Link To Today’s Strip

Wow, it’s an EXTREMELY RARE and wildly abrupt mid-week arc shift, as suddenly the seldom-seen Women Of Les make an EXTREMELY RARE guest holiday appearance. Good ol’ Summer hasn’t changed a bit, still slobbing around in her trademark hoodie like it’s 2011 all over again. For those both of you keeping score at home, Summer and Keisha are in their EIGHTH year of college. I don’t know what they’re majoring in but it must be pretty grueling stuff.

Once again, Summer left for college eight years ago so Les needs to get the f*ck over it already. Don’t they have DVRs in Ohio? Les is one of the few FW characters who’s annoying even when the other characters are just talking about him. What a dick.


Filed under Son of Stuck Funky

27 responses to “Aaugh!

  1. You know what’s a really bad way to sell your product? Referencing a superior product–in this case, “A Charlie Brown Christmas,” which is a greater achievement than anything Tom Batiuk has ever managed.

    A remember a strip from years ago where Summer and Les repeated the dialogue from ACBC. Guess what–just made Funky Winkerbean poorer by comparison.

    • Epicus Doomus

      I believe you’re forgetting the little-remembered “Peanuts”-FW crossover where Charlie Brown hung himself and Linus came out without really specifically saying so.
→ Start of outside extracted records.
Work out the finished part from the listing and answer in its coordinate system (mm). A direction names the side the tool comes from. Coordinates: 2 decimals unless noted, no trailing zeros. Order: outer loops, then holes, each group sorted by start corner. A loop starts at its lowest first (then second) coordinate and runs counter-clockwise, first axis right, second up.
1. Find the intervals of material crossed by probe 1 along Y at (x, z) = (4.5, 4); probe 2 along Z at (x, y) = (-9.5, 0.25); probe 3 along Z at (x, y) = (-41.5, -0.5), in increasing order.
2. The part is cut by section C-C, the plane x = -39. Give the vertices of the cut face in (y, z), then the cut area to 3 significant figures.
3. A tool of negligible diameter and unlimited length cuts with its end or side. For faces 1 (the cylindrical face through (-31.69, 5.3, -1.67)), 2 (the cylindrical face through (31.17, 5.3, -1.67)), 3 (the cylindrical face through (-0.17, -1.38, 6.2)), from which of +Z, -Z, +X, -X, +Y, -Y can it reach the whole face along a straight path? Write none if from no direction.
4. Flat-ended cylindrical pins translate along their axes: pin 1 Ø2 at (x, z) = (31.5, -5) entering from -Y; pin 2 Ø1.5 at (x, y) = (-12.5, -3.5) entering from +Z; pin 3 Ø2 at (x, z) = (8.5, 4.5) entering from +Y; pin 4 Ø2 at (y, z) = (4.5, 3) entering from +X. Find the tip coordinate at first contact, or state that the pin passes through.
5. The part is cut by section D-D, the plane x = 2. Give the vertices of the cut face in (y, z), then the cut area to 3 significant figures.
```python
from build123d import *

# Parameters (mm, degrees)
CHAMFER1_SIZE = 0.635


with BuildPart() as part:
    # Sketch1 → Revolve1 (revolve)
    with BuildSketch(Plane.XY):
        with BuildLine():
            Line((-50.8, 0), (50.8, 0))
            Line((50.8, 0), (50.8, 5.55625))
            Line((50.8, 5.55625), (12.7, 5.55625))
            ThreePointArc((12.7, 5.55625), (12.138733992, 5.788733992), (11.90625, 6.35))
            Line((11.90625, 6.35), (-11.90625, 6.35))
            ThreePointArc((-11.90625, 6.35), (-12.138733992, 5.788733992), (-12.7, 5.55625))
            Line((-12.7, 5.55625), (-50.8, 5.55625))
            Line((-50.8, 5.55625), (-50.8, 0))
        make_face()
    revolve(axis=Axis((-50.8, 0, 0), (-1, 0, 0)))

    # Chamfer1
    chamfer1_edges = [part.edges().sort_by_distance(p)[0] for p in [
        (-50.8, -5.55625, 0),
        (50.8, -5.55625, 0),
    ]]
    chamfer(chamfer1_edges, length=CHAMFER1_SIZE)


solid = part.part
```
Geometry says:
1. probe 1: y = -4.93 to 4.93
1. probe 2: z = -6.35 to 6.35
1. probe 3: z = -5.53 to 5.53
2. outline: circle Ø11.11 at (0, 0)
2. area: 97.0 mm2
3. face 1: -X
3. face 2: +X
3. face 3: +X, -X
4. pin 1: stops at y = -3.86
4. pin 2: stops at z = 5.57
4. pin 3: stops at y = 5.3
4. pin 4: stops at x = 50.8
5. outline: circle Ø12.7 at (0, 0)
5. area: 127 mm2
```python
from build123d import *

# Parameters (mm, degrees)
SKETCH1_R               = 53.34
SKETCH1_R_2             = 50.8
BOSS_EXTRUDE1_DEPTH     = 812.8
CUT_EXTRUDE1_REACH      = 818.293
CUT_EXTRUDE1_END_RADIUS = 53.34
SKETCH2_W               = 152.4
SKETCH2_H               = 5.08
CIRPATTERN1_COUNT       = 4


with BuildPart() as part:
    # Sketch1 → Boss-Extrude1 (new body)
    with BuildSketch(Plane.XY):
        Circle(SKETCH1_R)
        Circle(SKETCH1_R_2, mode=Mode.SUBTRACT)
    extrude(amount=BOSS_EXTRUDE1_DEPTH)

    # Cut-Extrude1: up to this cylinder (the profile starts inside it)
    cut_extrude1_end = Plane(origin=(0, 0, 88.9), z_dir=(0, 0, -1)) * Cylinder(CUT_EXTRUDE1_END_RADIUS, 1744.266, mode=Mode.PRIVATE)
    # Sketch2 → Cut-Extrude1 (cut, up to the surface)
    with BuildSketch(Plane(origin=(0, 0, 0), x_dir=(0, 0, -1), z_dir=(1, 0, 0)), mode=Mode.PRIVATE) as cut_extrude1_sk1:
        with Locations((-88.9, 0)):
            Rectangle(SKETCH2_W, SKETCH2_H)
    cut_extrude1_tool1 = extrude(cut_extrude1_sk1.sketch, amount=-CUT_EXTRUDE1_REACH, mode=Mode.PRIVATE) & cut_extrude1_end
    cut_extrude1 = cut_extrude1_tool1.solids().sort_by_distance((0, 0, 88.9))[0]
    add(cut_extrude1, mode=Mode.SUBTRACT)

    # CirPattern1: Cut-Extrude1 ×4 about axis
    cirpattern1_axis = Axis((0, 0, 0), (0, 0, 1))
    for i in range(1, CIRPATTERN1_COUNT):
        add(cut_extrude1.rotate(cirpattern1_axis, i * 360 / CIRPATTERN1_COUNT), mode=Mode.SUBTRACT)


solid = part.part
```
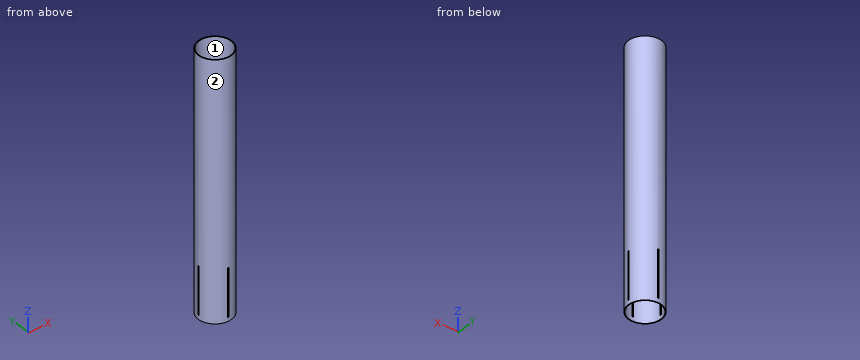
Build history of the part. All positions in model axes, mm. Face numbers are marked on the shaded views. Round coordinates to 2 decimals unless told otherwise and drop trailing zeros. Write each loop counter-clockwise with the first axis right and the second up, starting at its lowest first coordinate (ties: lowest second). Pieces come first, ordered by that corner, then holes. Notation, with made-up numbers: (8, 77) - (17, 77) arc R21 cw to (17, 101) - close; hole circle Ø1 at (-2, 11). An arc over 180 degrees is marked (long way). Write each question's results on one line, items separated by ' | '. Start each with the question number.
Item 1: Saw through at B-B (x = -35). Write the cut outline in (y, z).
Item 2: Drop flat-ended pins along their axis: P1, Ø5, axis at x = -33.5, z = 411, coming from the -Y side; P2, Ø8, axis at x = 41, z = 166, coming from the -Y side; P3, Ø0.8, axis at x = -51.5, y = 0, coming from the -Z side; P4, Ø12, axis at y = -30.5, z = 445.5, coming from the +X side. Give the stop position or say it passes through.
Item 3: Mould opens along Y. For the marked faces 1 and 2 say: pulls with the +Y half, pulls with the -Y half, needs draft (parallel to the pull), parting line crosses it, or undercut.
Item 4: Saw through at C-C (z = 235.5). Write the cut outline in (x, y).
Item 5: Saw through at A-A (y = 26). Write the cut outline in (x, z), and give its area (3 significant figures).
Item 6: Wall check: L1, parallel to Y at x = -1, z = 375.5; L2, parallel to X at y = 0, z = 379.5; L3, parallel to Y at x = 17, z = 754.5. Give the ranges that are in metal, low to high. Write a range as [from, to].
Results are:
1) outline: (-40.25, 0) - (-36.82, 0) - (-36.82, 812.8) - (-40.25, 812.8) - close; (36.82, 0) - (40.25, 0) - (40.25, 812.8) - (36.82, 812.8) - close
2) P1: stops at y = -43.41 | P2: stops at y = -38.42 | P3: stops at z = 0 | P4: stops at x = 47.38
3) face 1: undercut | face 2: parting line crosses it
4) outline: circle Ø106.68 at (0, 0); hole circle Ø101.6 at (0, 0)
5) outline: (-46.57, 0) - (-43.64, 0) - (-43.64, 812.8) - (-46.57, 812.8) - close; (43.64, 0) - (46.57, 0) - (46.57, 812.8) - (43.64, 812.8) - close | area: 4,770 mm²
6) L1: y = [-53.33, -50.79], [50.79, 53.33] | L2: x = [-53.34, -50.8], [50.8, 53.34] | L3: y = [-50.56, -47.87], [47.87, 50.56]
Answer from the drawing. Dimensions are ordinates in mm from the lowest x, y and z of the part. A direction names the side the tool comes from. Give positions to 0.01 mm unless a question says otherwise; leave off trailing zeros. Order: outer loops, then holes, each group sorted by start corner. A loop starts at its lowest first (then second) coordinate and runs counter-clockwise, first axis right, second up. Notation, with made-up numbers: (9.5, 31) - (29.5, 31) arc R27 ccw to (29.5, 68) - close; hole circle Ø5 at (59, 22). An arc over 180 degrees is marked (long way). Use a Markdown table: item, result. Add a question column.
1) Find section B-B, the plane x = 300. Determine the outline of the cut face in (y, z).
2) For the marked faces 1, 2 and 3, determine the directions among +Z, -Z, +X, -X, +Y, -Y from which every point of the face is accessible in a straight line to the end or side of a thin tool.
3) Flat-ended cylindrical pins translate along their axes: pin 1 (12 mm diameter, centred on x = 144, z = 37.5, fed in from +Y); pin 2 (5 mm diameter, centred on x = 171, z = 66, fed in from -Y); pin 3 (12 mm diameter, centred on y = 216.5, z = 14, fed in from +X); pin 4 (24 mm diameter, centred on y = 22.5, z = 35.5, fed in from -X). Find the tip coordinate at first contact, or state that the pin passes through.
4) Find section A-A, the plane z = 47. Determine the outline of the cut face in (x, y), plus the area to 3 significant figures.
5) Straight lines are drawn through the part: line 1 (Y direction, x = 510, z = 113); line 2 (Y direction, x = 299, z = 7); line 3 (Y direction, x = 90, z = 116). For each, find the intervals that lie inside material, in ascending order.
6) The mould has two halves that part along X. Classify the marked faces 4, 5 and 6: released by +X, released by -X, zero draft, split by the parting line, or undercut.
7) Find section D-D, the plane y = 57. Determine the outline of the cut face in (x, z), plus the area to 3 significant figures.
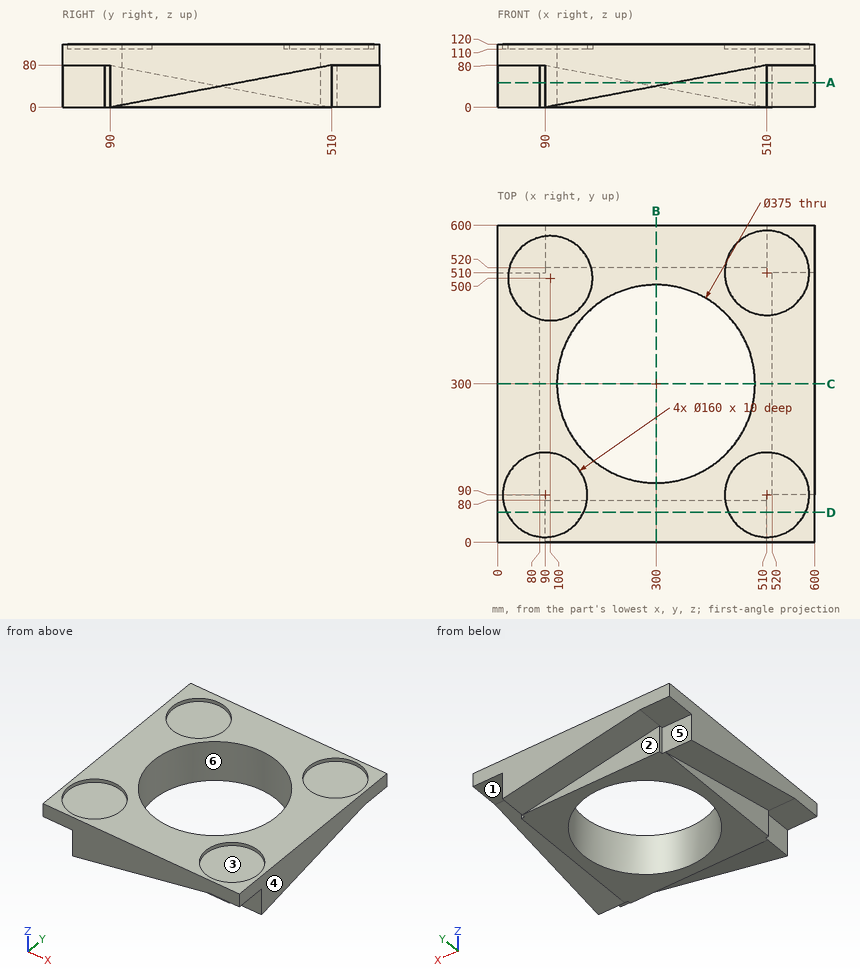
The answers:
| question | item | result |
|---|---|---|
| 1 | outline | (0, 40) - (80, 40) - (80, 0) - (112.5, 0) - (112.5, 120) - (0, 120) - close; (487.5, 0) - (520, 0) - (520, 40) - (600, 40) - (600, 120) - (487.5, 120) - close |
| 2 | face 1 | -Z, +X, +Y |
| 2 | face 2 | -Z, -X, +Y |
| 2 | face 3 | +Z |
| 3 | pin 1 | y = 520 |
| 3 | pin 2 | y = 0 |
| 3 | pin 3 | x = 520 |
| 3 | pin 4 | x = 90 |
| 4 | outline | (0, 263.25) - (80, 263.25) - (80, 90) - (90, 90) - (90, 0) - (336.75, 0) - (336.75, 80) - (510, 80) - (510, 90) - (600, 90) - (600, 336.75) - (520, 336.75) - (520, 510) - (510, 510) - (510, 600) - (263.25, 600) - (263.25, 520) - (90, 520) - (90, 510) - (0, 510) - close; hole circle Ø375 at (300, 300) |
| 4 | area | 162,000 mm2 |
| 5 | line 1 | 0 to 10, 170 to 430, 590 to 600 |
| 5 | line 2 | 80 to 112.5, 487.5 to 520 |
| 5 | line 3 | 0 to 10, 170 to 420.63, 579.37 to 600 |
| 6 | face 4 | released by +X |
| 6 | face 5 | zero draft |
| 6 | face 6 | undercut |
| 7 | outline | (0, 80) - (90, 80) - (90, 0) - (510, 80) - (600, 80) - (600, 120) - (582.88, 120) - (582.88, 110) - (437.12, 110) - (437.12, 120) - (162.88, 120) - (162.88, 110) - (17.12, 110) - (17.12, 120) - (0, 120) - close |
| 7 | area | 37,900 mm2 |
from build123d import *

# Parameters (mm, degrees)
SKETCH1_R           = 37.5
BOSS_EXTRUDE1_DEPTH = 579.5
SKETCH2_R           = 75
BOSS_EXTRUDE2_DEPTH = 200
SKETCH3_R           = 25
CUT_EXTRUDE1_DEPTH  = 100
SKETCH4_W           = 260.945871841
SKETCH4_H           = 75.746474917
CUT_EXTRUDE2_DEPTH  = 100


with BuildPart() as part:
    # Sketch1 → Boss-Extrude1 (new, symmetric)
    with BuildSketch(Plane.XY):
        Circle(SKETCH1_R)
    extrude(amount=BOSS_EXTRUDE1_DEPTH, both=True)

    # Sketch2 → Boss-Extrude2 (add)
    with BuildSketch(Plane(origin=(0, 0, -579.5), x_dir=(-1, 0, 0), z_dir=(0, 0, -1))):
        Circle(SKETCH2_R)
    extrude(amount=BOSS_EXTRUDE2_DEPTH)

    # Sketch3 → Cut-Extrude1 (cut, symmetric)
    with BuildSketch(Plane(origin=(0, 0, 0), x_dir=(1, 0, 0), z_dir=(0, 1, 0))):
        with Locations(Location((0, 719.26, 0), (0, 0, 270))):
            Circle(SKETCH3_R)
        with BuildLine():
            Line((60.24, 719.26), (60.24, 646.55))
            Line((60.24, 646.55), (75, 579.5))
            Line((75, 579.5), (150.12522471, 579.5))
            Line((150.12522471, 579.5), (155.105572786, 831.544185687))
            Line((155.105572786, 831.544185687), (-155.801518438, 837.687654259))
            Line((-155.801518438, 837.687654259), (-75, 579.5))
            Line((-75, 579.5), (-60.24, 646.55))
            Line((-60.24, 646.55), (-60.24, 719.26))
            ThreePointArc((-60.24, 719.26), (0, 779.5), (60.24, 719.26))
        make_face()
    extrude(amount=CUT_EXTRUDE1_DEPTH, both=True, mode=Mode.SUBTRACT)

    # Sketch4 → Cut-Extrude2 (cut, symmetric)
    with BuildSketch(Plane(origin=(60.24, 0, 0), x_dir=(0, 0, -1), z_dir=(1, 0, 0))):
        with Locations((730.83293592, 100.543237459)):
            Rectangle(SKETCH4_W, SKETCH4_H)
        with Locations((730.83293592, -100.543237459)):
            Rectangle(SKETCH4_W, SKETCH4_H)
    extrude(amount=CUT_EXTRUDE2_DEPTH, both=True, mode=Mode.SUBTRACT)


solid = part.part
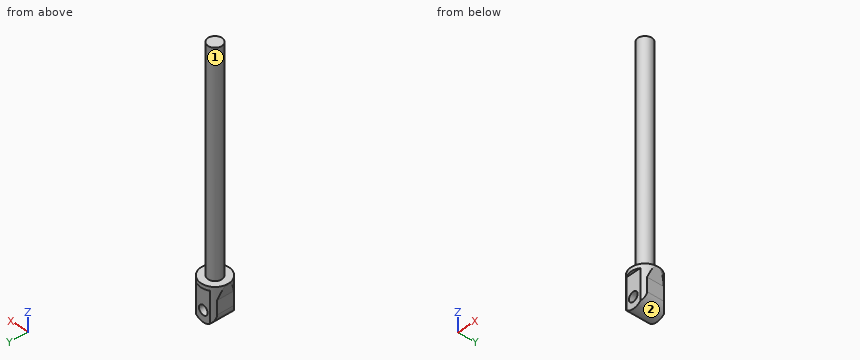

And who could forget Pig-Pen reminiscing about how dirty he used to be? Or Snoopy retconning his Sopwith Camel into a cardboard cutout?

      • Double Sided Scooby Snack

        Did Peppermint Patty challenge Summer the Specialest Snowflake to a game of driveway hoops? Then have a Very Special Heart-To-Heart with Summer and Karmeesha? Yeah, I think I remember that.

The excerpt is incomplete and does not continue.